Young props her crutches against the wall, hoists herself onto a footstool and braces her body against the bed to improve her leverage as she removes a half-cast from his left arm. Two pins jut like miniature antennae from the patient’s left shoulder, where a dislocation has been fixed.

He cannot talk but groans in pain as Young lifts his arm. She works deftly, explaining each move to him, reassuring him. As she leaves, he reaches his hand out to hers. His eyes follow her as she walks away. She promises to stop by tomorrow.

Horrible deformities are the norm in this ward at Rancho Los Amigos, where the majority of patients are victims of car or motorcycle accidents, all of them brain-injured. But Young knows, “These are human beings capable of love and feeling, not just deformed bodies.”

No one could understand better. Young, 34, has been a paraplegic since age 2, when she was stricken with polio.

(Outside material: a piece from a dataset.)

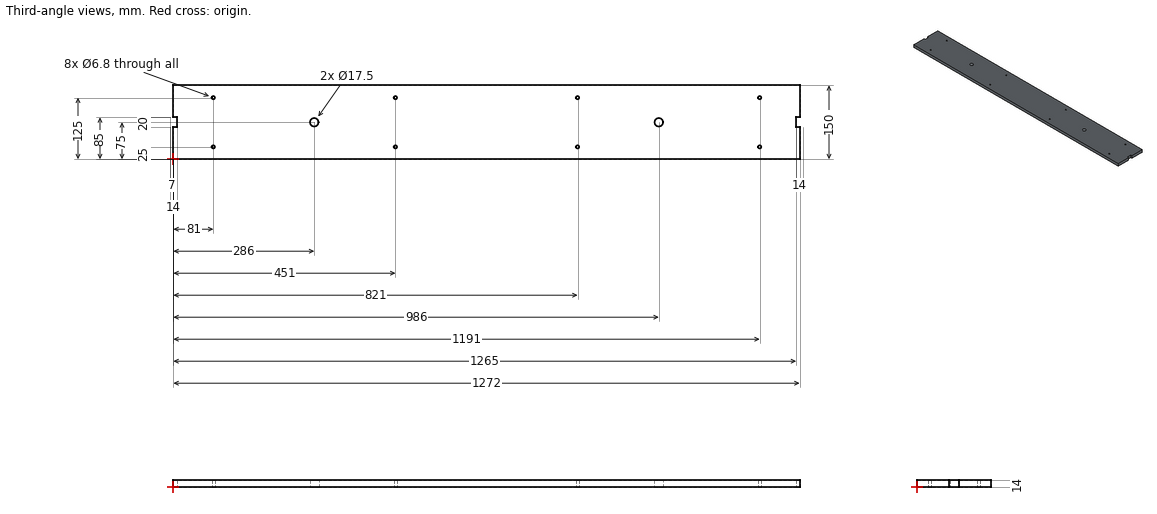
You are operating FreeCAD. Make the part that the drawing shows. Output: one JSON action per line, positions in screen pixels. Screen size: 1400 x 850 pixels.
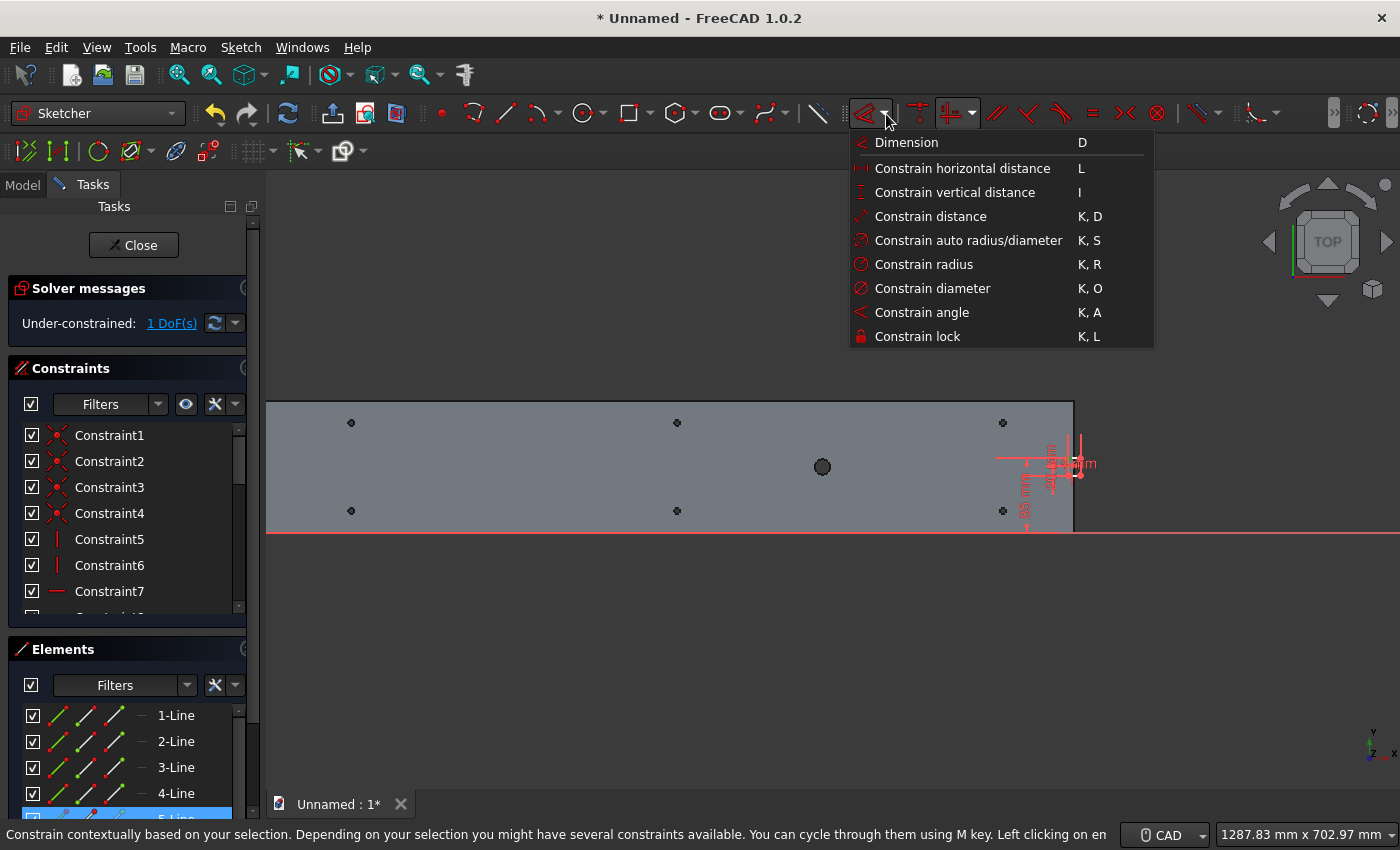
{"action": "left_click", "coordinate": [1002, 168]}
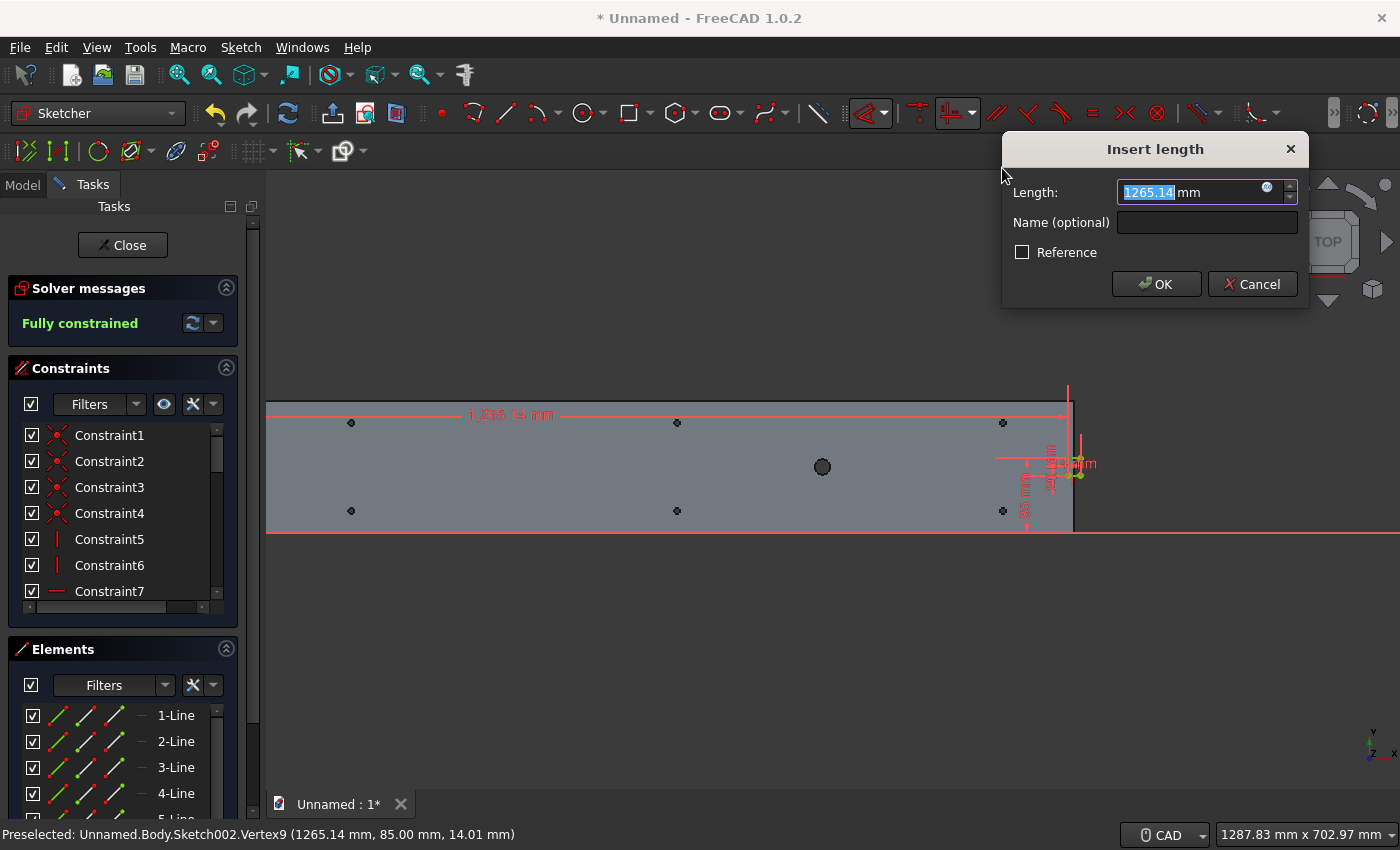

Young remembers the hospital room in her native Taiwan, remembers her mother keeping a bedside vigil. Her mother, a Roman Catholic, was praying: “God, if you bring her back, I promise I’ll devote her to you.” And, Young says, “at that moment I opened my eyes.”

She thinks about her life against all odds--medical school, a residency in orthopedic surgery and, as of July 1, the post as assistant chief of orthopedic surgery, adult brain injury service, at Rancho Los Amigos in Downey. “I really believe it’s God who’s given me the strength to pursue this,” she says.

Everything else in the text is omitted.